The 7.22 acre George Washington Carver Park (previously Willowbrook Neighborhood Park) has a lighted baseball field, an arts and crafts room, a "Nike GO" outdoor basketball court, a community room, a lighted softball field, a multipurpose field, a multipurpose room, picnic areas with barbecue pits, and a swimming pool.

Earvin "Magic" Johnson County Recreation Area, a 94 acre park, mostly in Willowbrook and partially in Los Angeles, has play areas for children, picnic areas with barbecue pits, soccer fields, toilet facilities, and walking paths. The California Office of Environmental Health Hazard Assessment has issued a safe eating advisory for any fish caught in Magic Mike Lakes due to elevated levels of mercury and PCBs.

Enterprise County Park, a 10 acre park located in the Rosewood neighborhood in Willowbrook, has an athletic field, a lighted baseball/softball diamond, a community recreation room, a gymnasium, a multi-purpose field, picnic areas with barbecue pits, and a swimming pool.
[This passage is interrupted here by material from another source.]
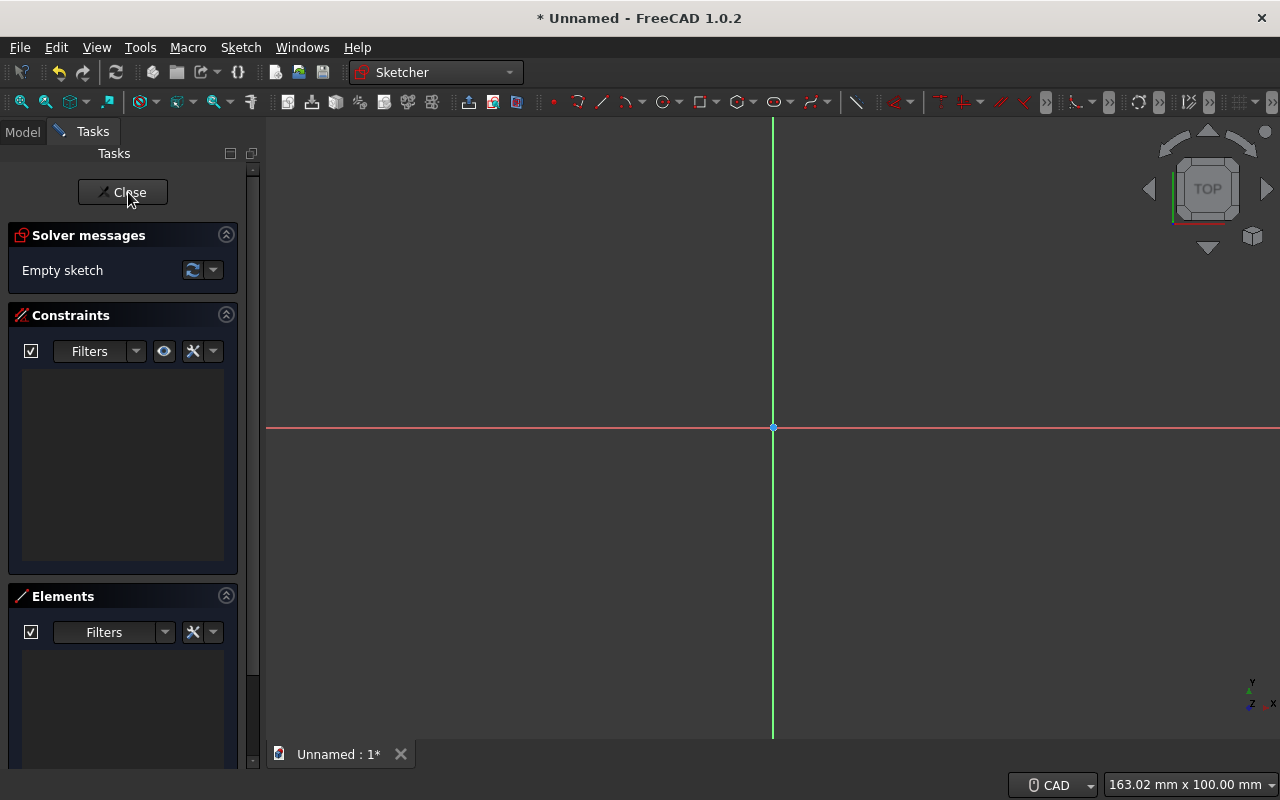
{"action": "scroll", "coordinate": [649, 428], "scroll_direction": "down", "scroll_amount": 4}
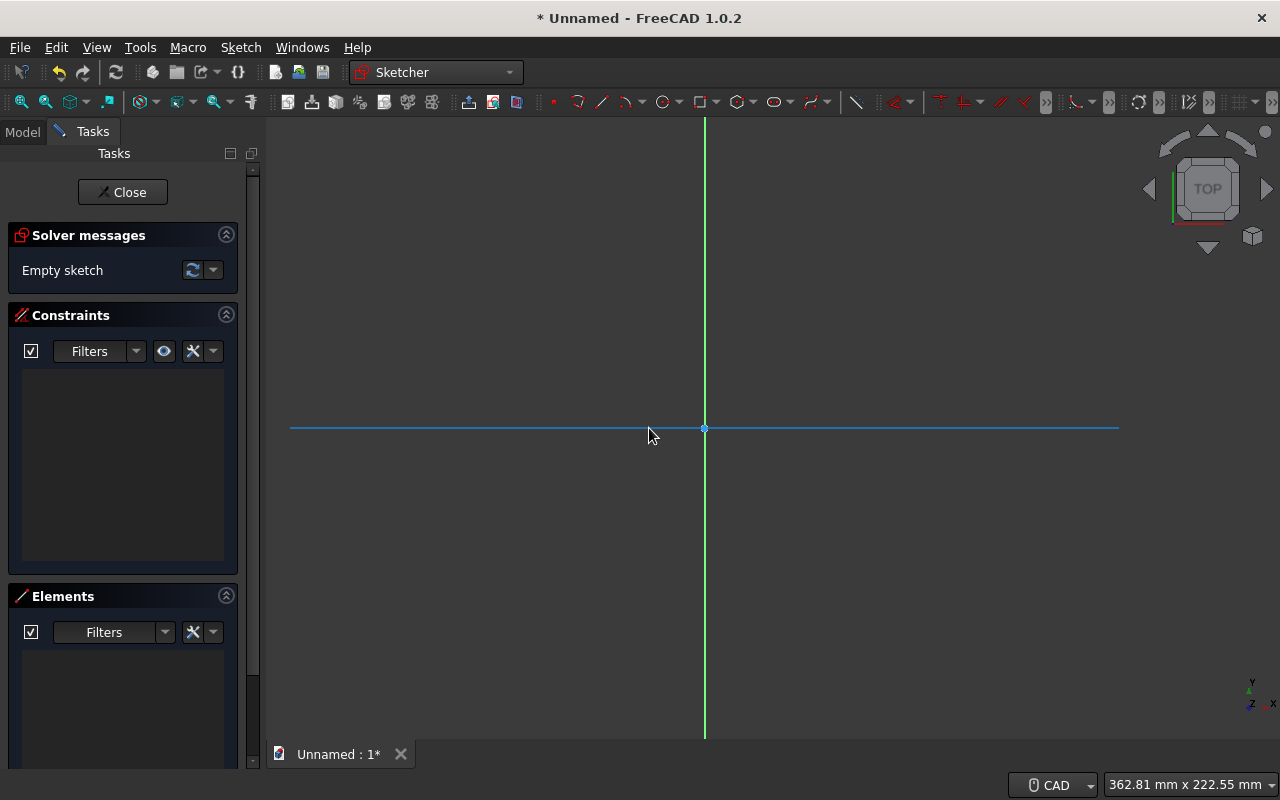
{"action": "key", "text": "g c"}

Athens Park, a 20 acre park, within the Athens Village area and in Willowbrook, has two lighted baseball/softball diamonds, a basketball court, children's play areas, a community recreation multipurpose room, a computer lab, a gymnasium, a multi-purpose field, picnic areas with barbecue pits, a swimming pool, tennis courts, and toilet facilities. Mona County Park, an 8.4 acre park, has a lighted baseball/softball diamond, an outdoor basketball court, a children's play area, a community room, a gymnasium, a shaded picnic shelter, a swimming pool, and the Tiny Tot Learning Center.